=== AIM OF THE TASK ===
Copy the data exactly. Images are to be left out.

=== RECORDS FOR PROCESSING ===
○ ○ ○ ○ ○ ○ ○

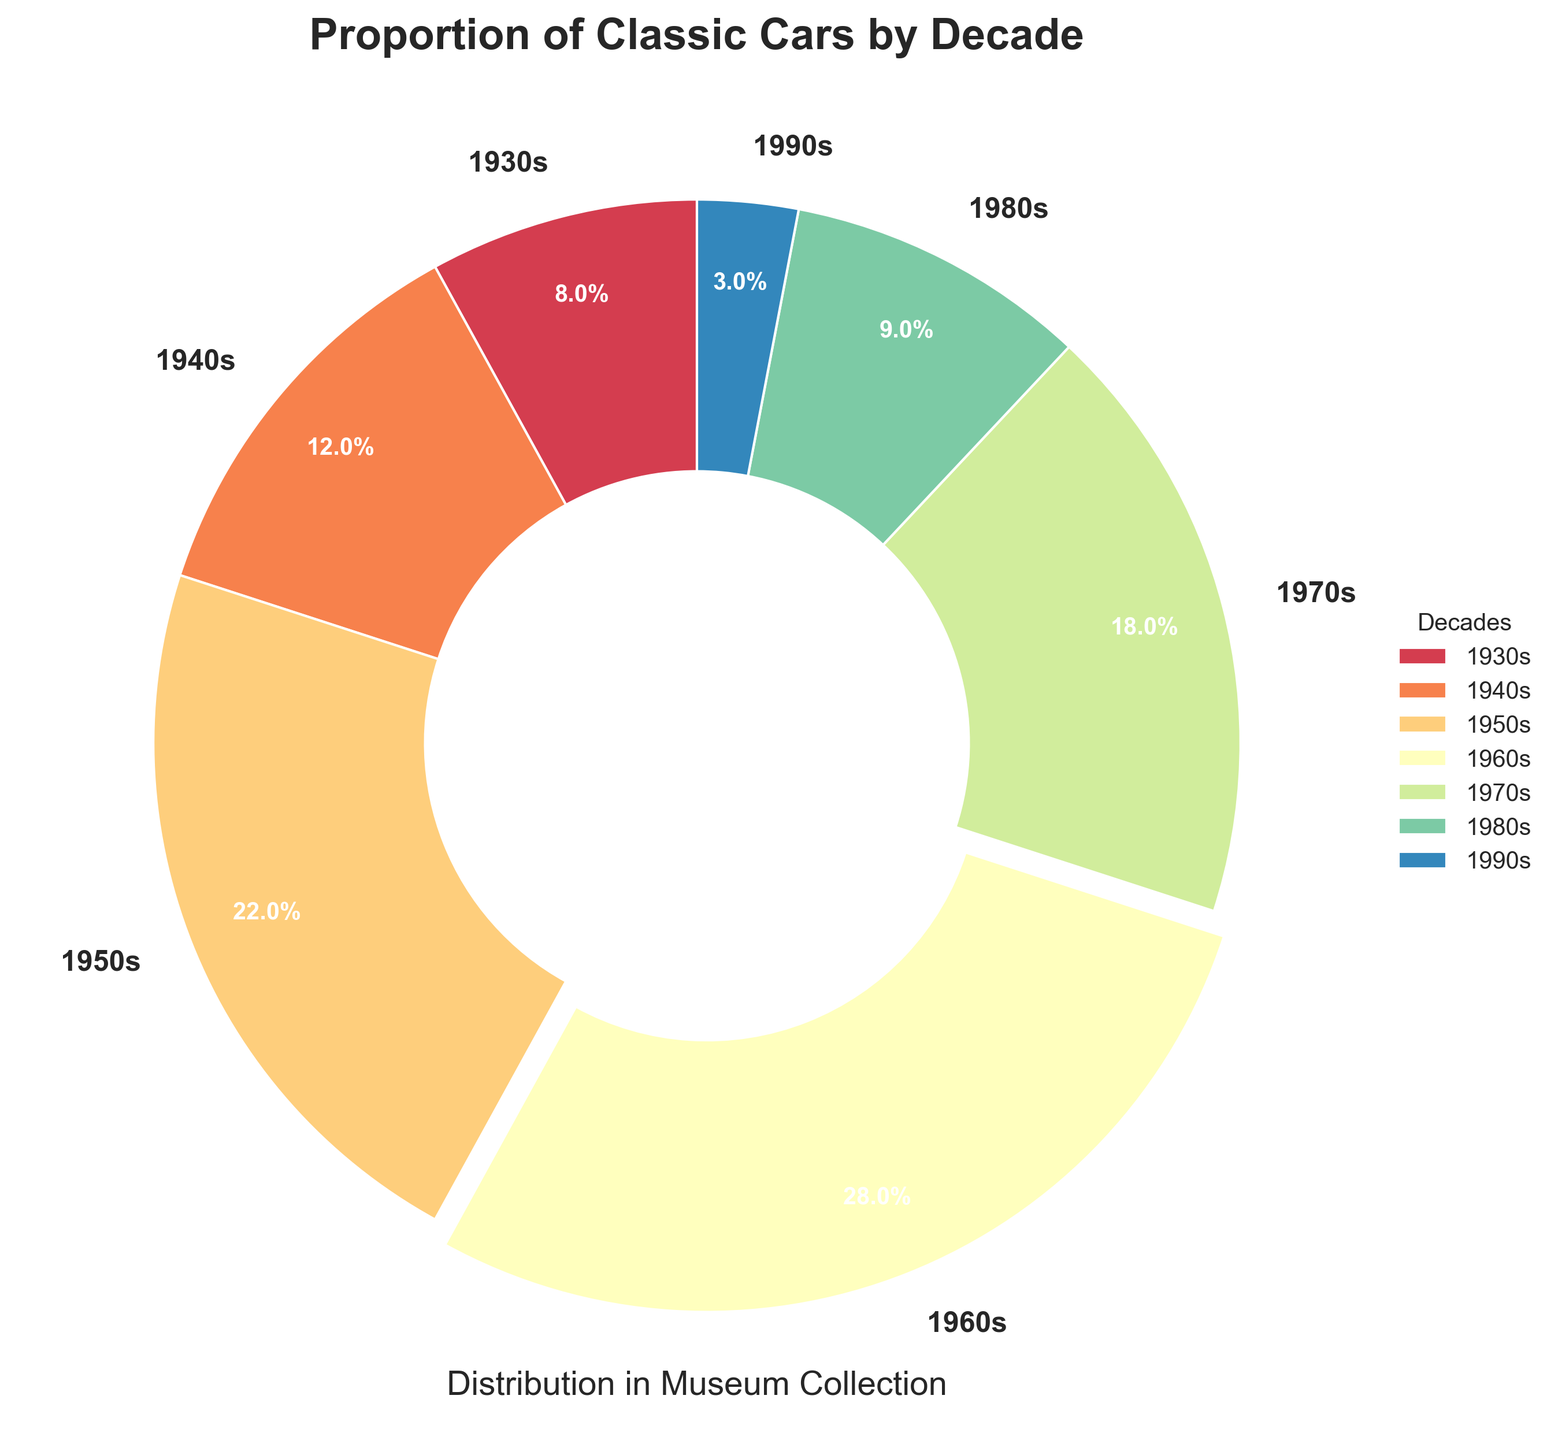What's the most represented decade in the classic car collection? The pie chart segments indicate the percentage of cars from each decade. The 1960s segment is the largest at 28%, which means it is the most represented decade.
Answer: 1960s Which decade has the least representation? The percentages in the pie chart show that the 1990s have the smallest segment with 3%, indicating the least representation.
Answer: 1990s What's the total percentage of cars from the 1930s and 1940s combined? To find the combined percentage, sum the percentages from the 1930s (8%) and 1940s (12%). So, 8% + 12% = 20%.
Answer: 20% How does the proportion of cars from the 1970s compare to the 1980s? The pie chart shows that the 1970s have 18%, while the 1980s have 9%. Thus, the 1970s have a higher proportion.
Answer: 1970s have a higher proportion What's the difference in percentage between the most and least represented decades? The most represented decade (1960s) has 28%, and the least represented decade (1990s) has 3%. The difference is 28% - 3% = 25%.
Answer: 25% For decades with over 20% representation, what is their combined total percentage? The decades with over 20% representation are 1950s (22%) and 1960s (28%). Sum their percentages: 22% + 28% = 50%.
Answer: 50% What's the combined percentage of cars from the decades prior to the 1950s? The relevant decades are the 1930s (8%) and 1940s (12%). Sum their percentages: 8% + 12% = 20%.
Answer: 20% What visual attribute distinguishes the most represented decade on the pie chart? The most represented decade (1960s with 28%) has a slightly separated or 'exploded' slice from the rest of the pie chart, making it visually distinct.
Answer: Its slice is slightly separated Which two decades have the closest proportion of classic cars? Comparing the percentages, the 1940s (12%) and 1980s (9%) are close, but the 1930s (8%) and 1980s (9%) are closer with only a 1% difference.
Answer: 1930s and 1980s If you combine the three decades with the least representation, what is the total percentage? The least represented decades are the 1990s (3%), 1930s (8%), and 1980s (9%). Sum their percentages: 3% + 8% + 9% = 20%.
Answer: 20% 
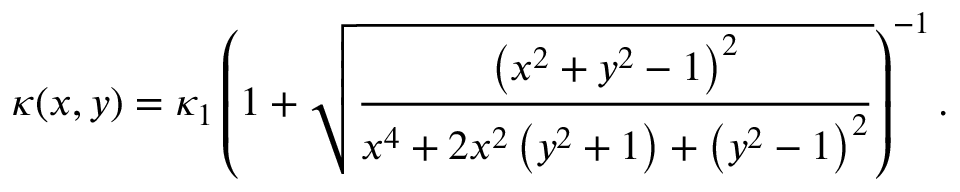<formula> <loc_0><loc_0><loc_500><loc_500>\kappa ( x , y ) = \kappa _ { 1 } \left ( 1 + \sqrt { \frac { \left ( x ^ { 2 } + y ^ { 2 } - 1 \right ) ^ { 2 } } { { x ^ { 4 } + 2 x ^ { 2 } \left ( y ^ { 2 } + 1 \right ) + \left ( y ^ { 2 } - 1 \right ) ^ { 2 } } } } \right ) ^ { - 1 } .</formula> 
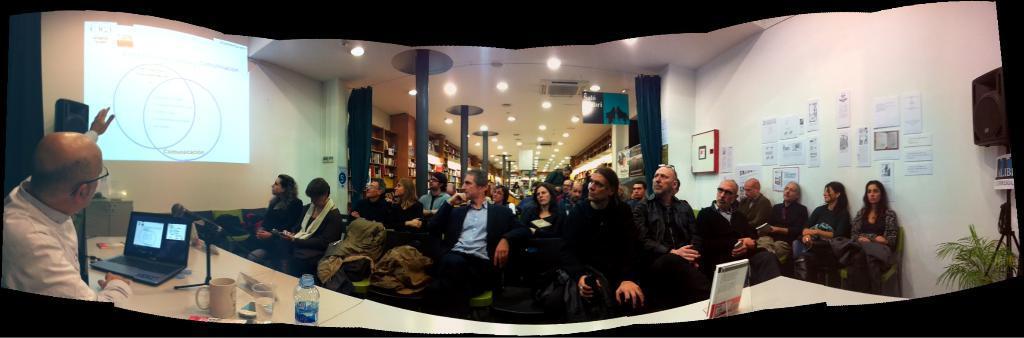In one or two sentences, can you explain what this image depicts? This is an edited image with the borders. On the left we can see the tables on the top of which water bottle, glass, cup, laptop, microphone and some other items are placed and we can see the jackets are placed on the top of the chairs. In the background we can see the wall, posters attached to the wall and we can see the group of persons sitting on the chairs and at the top there is a roof and we can see the ceiling lights, pillars, curtains, projector screen, speaker, house plant and many other objects. 
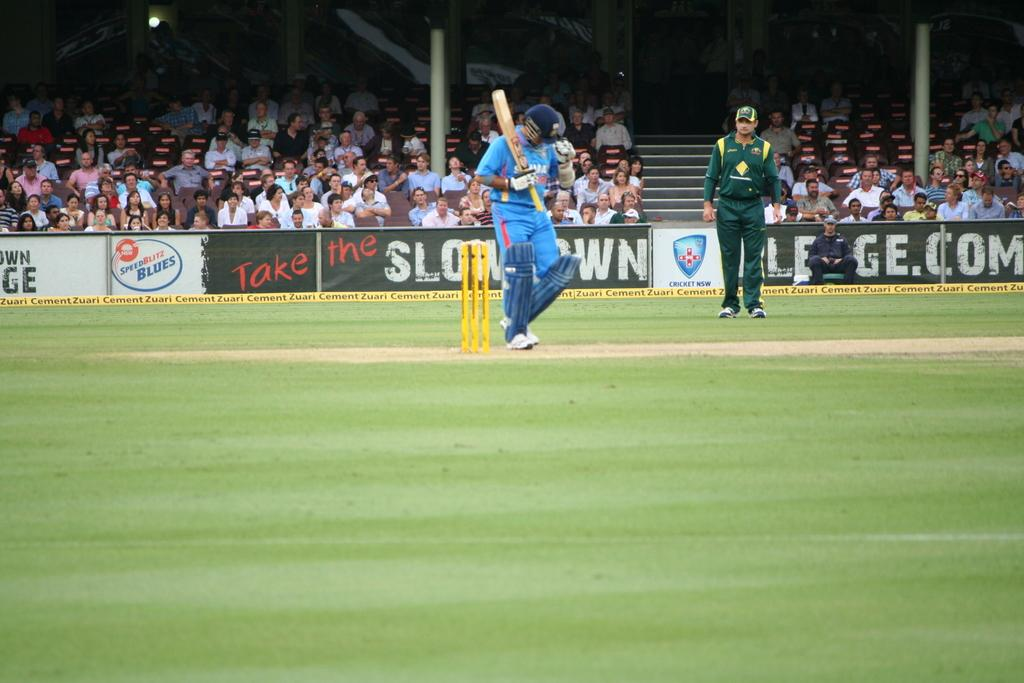<image>
Offer a succinct explanation of the picture presented. An out door sporting event being played in front of a Speed Blitz sign. 
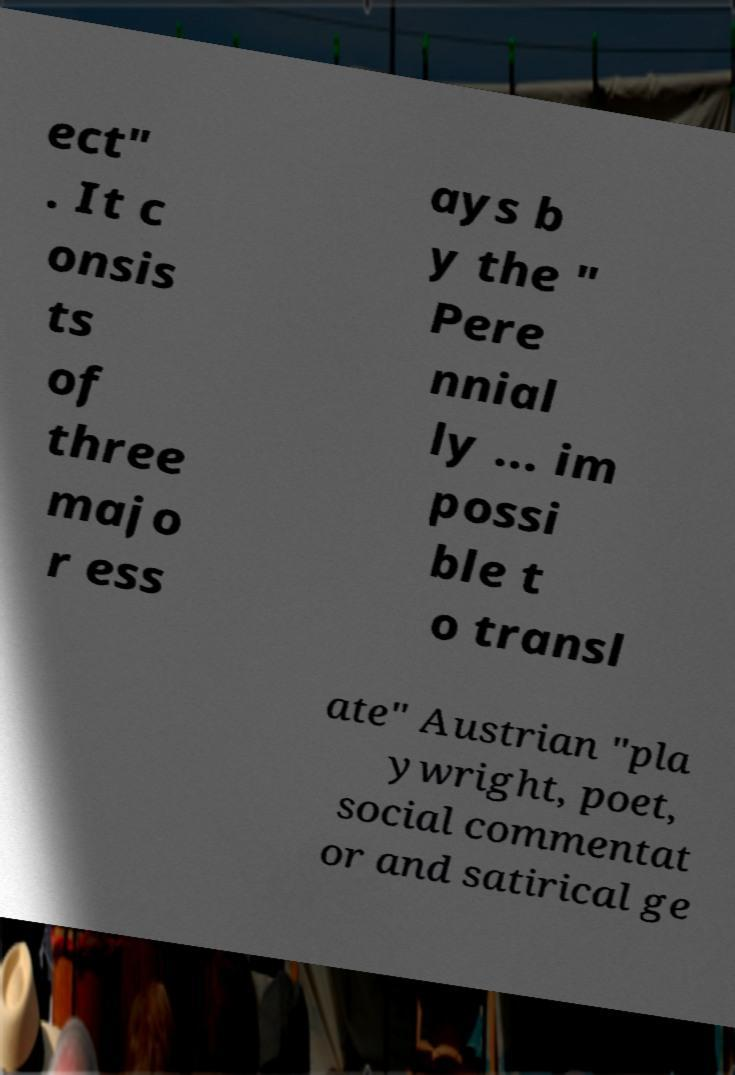Could you assist in decoding the text presented in this image and type it out clearly? ect" . It c onsis ts of three majo r ess ays b y the " Pere nnial ly ... im possi ble t o transl ate" Austrian "pla ywright, poet, social commentat or and satirical ge

○ ○ ○ ○ ○ ○ ○

=== SOLUTION ===
What's the most represented decade in the classic car collection? The pie chart segments indicate the percentage of cars from each decade. The 1960s segment is the largest at 28%, which means it is the most represented decade.
Answer: 1960s Which decade has the least representation? The percentages in the pie chart show that the 1990s have the smallest segment with 3%, indicating the least representation.
Answer: 1990s What's the total percentage of cars from the 1930s and 1940s combined? To find the combined percentage, sum the percentages from the 1930s (8%) and 1940s (12%). So, 8% + 12% = 20%.
Answer: 20% How does the proportion of cars from the 1970s compare to the 1980s? The pie chart shows that the 1970s have 18%, while the 1980s have 9%. Thus, the 1970s have a higher proportion.
Answer: 1970s have a higher proportion What's the difference in percentage between the most and least represented decades? The most represented decade (1960s) has 28%, and the least represented decade (1990s) has 3%. The difference is 28% - 3% = 25%.
Answer: 25% For decades with over 20% representation, what is their combined total percentage? The decades with over 20% representation are 1950s (22%) and 1960s (28%). Sum their percentages: 22% + 28% = 50%.
Answer: 50% What's the combined percentage of cars from the decades prior to the 1950s? The relevant decades are the 1930s (8%) and 1940s (12%). Sum their percentages: 8% + 12% = 20%.
Answer: 20% What visual attribute distinguishes the most represented decade on the pie chart? The most represented decade (1960s with 28%) has a slightly separated or 'exploded' slice from the rest of the pie chart, making it visually distinct.
Answer: Its slice is slightly separated Which two decades have the closest proportion of classic cars? Comparing the percentages, the 1940s (12%) and 1980s (9%) are close, but the 1930s (8%) and 1980s (9%) are closer with only a 1% difference.
Answer: 1930s and 1980s If you combine the three decades with the least representation, what is the total percentage? The least represented decades are the 1990s (3%), 1930s (8%), and 1980s (9%). Sum their percentages: 3% + 8% + 9% = 20%.
Answer: 20% 
<formula> <loc_0><loc_0><loc_500><loc_500>\kappa ( x , y ) = \kappa _ { 1 } \left ( 1 + \sqrt { \frac { \left ( x ^ { 2 } + y ^ { 2 } - 1 \right ) ^ { 2 } } { { x ^ { 4 } + 2 x ^ { 2 } \left ( y ^ { 2 } + 1 \right ) + \left ( y ^ { 2 } - 1 \right ) ^ { 2 } } } } \right ) ^ { - 1 } .</formula> 
In one or two sentences, can you explain what this image depicts? This is an edited image with the borders. On the left we can see the tables on the top of which water bottle, glass, cup, laptop, microphone and some other items are placed and we can see the jackets are placed on the top of the chairs. In the background we can see the wall, posters attached to the wall and we can see the group of persons sitting on the chairs and at the top there is a roof and we can see the ceiling lights, pillars, curtains, projector screen, speaker, house plant and many other objects. 
<image>
Offer a succinct explanation of the picture presented. An out door sporting event being played in front of a Speed Blitz sign. 
Could you assist in decoding the text presented in this image and type it out clearly? ect" . It c onsis ts of three majo r ess ays b y the " Pere nnial ly ... im possi ble t o transl ate" Austrian "pla ywright, poet, social commentat or and satirical ge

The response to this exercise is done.